Last year, we talked about the pros and cons of sticking with D6 dice for the game vs. adopting D10. But I've had some additional thoughts on the matter. A lot of the new miniature games, such as Wild West Exodus, are using D10s. As a result, my own FLGS is now offering inexpensive 10-die multi-packs. Whereas a year ago you could only buy D10s singly, or in rollplaying packs with D4s, D8s, D12s, and D20s. While that doesn't totally negate the familiarity and availability arguments in favor of D6, it does perhaps warrant a re-examination of the pros and cons of D6 vs. D10.
Issue 1: Familiarity/Availability
When you ask the average person what a "die" is, they'll instantly think of a D6. If you were to rummage through the game closet of an average house, you're very likely to turn up 10-20 six-sided dice. But unless that family plays D&D or something else without "Milton Bradley" on the side of it, then your chances of finding even one "non-standard" die in their collection drops pretty fast.
Issue 2: Readability In Large Numbers
The above is a pic I took of my new Chessix D10's, along with an equal number of D6 dice.
There's just no way around it. The D6 dice are more easily read in large numbers. For a dice game where you may routinely throw 20 dice down, that's pretty important. In fact, I'd go so far as to say that any throw over 10 dice for a D10 system is going to cause more headaches for the player reading them than the advantages are worth. If we were to switch to D10, we would probably have to modify our game mechanics so that players wouldn't have to throw more than 10 dice maximum for a particular attack.
Issue 3: Result Granularity
Rolling 2D6 in series (to-hit, to-wound) has 36 possible combinations, but only 18 unique results if plotted on a scale from 0-100% success.I still think that all of that is true. But now we get to what I think is the strongest argument for using D10s.
Rolling 3D6 in series has (to-hit, to-wound, save) has 216 possible combinations, but only 42 unique results.
Rolling 2D10 in series (to-hit, to-wound) has 100 possible combinations, but only 40 unique results.
So while a 2-roll D10 system would have almost 3x the number of die combinations as a 2-roll D6 system, it really only adds a bit more than twice the actual useful range of results. While a 3-roll D6 system has more than twice the number of combinations of a 2-roll D10 system. But only a 5% higher useful range of results.
Look at the distribution of those results too. Rolling multiple dice in series always biases the results towards the failure end of the scale. Do we need that many gradations of failure? Past a certain point, does it even matter all that much?

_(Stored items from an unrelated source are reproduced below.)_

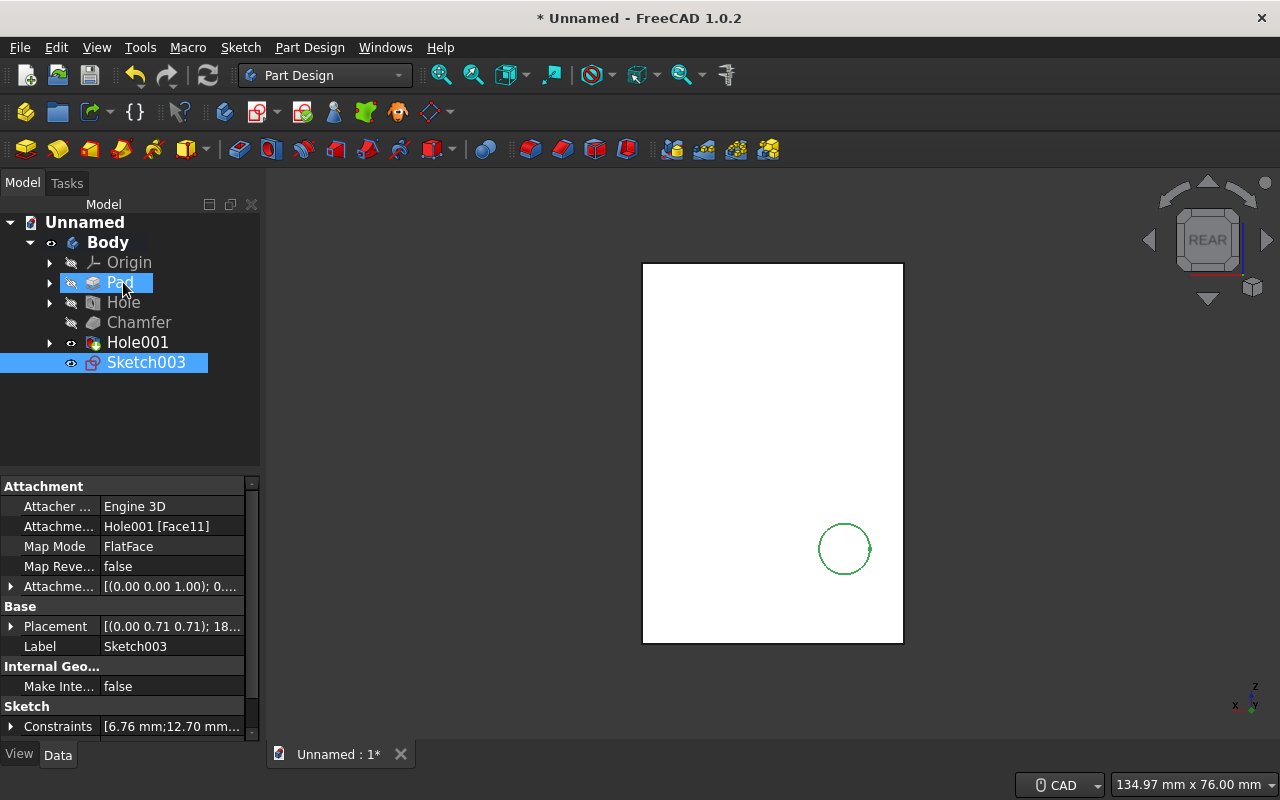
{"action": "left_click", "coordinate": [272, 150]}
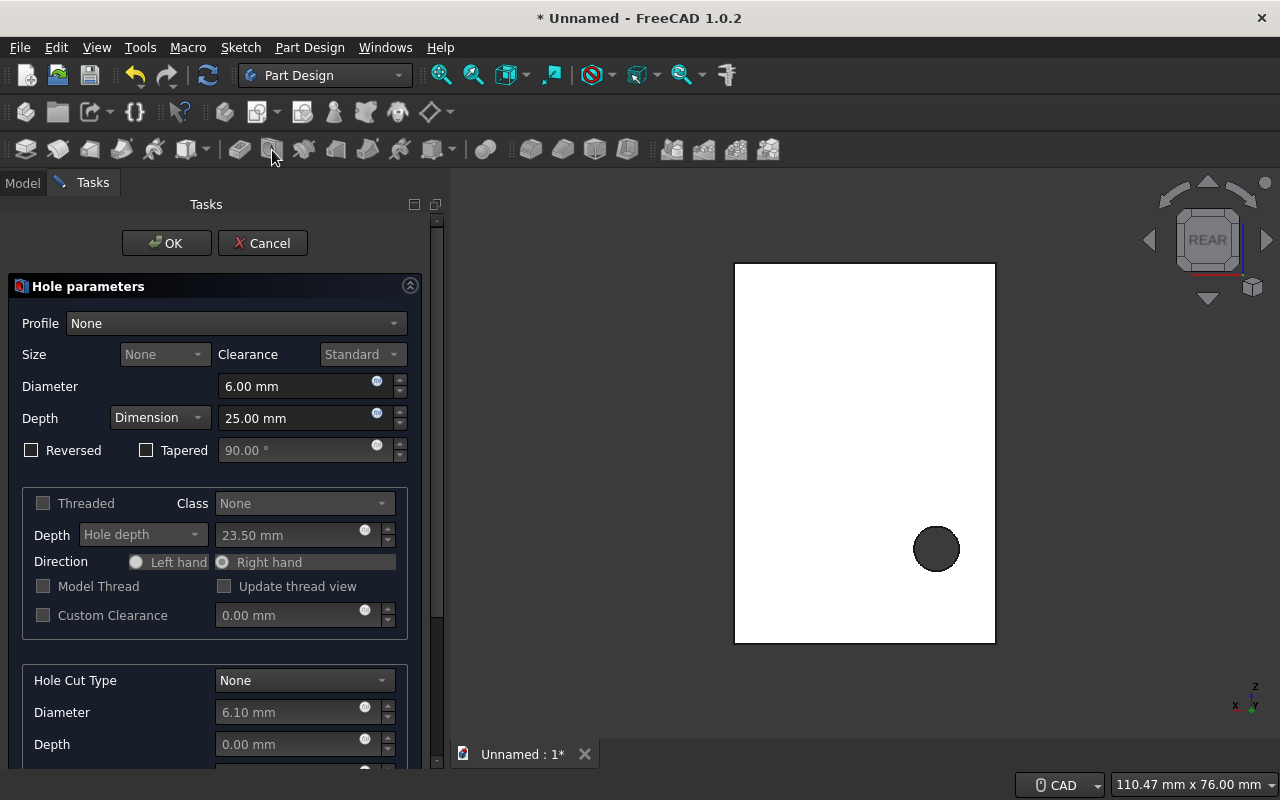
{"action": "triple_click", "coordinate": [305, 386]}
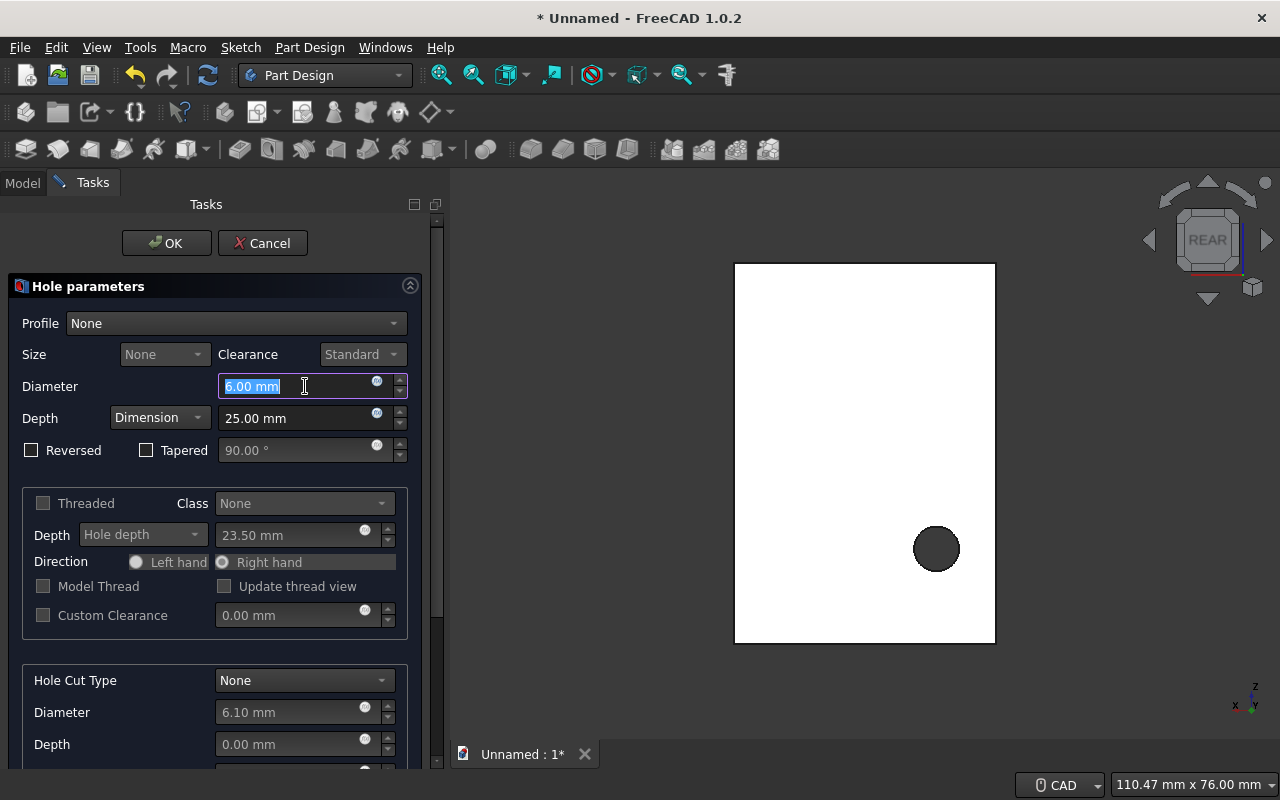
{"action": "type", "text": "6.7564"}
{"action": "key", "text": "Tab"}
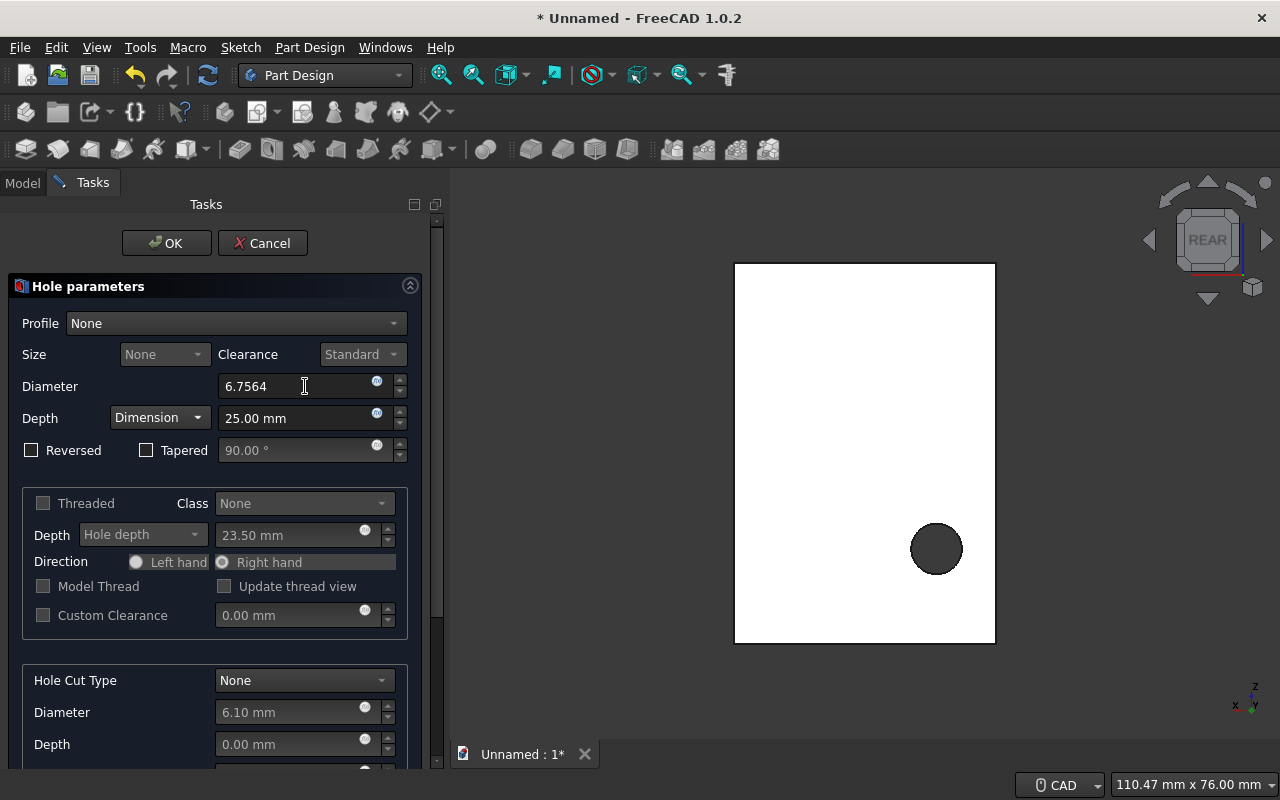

The advantage of a D10 system would be at the top end, where it would have 4 levels above 80% to the 2 levels of the 2D6 & 3D6 systems. But two of those results (80% & 81%) are so close together that they really don't have much meaning as separate values. So going to a D10 would gain us only 1 more effective result at the high end than we do now. While as you go down the scale, there's really only another small range (60%, 63%, 64%) where where a D10 would offer something that 2D6 with a conditional 3rd die (infrequent armor or toughness rolls) would not.
Issue 4: Modifier-Friendliness & Balancing
Let's look at the comparative rolling chart for D6 to see where we stand now:
On the left is whatever your WS or Armor value is, on the top is whatever your Evasion or Armor Penetration Value is. In between you can see the useful range of results for each combination. This is much like 40K's toughness test, except that GW extends the upper range a bit with an additional row of 6's. Some games, like Bolt Action, extend the range with another roll. Requiring you to roll an additional 2+, 3+, 4+, etc. in order to add more granularity to the range.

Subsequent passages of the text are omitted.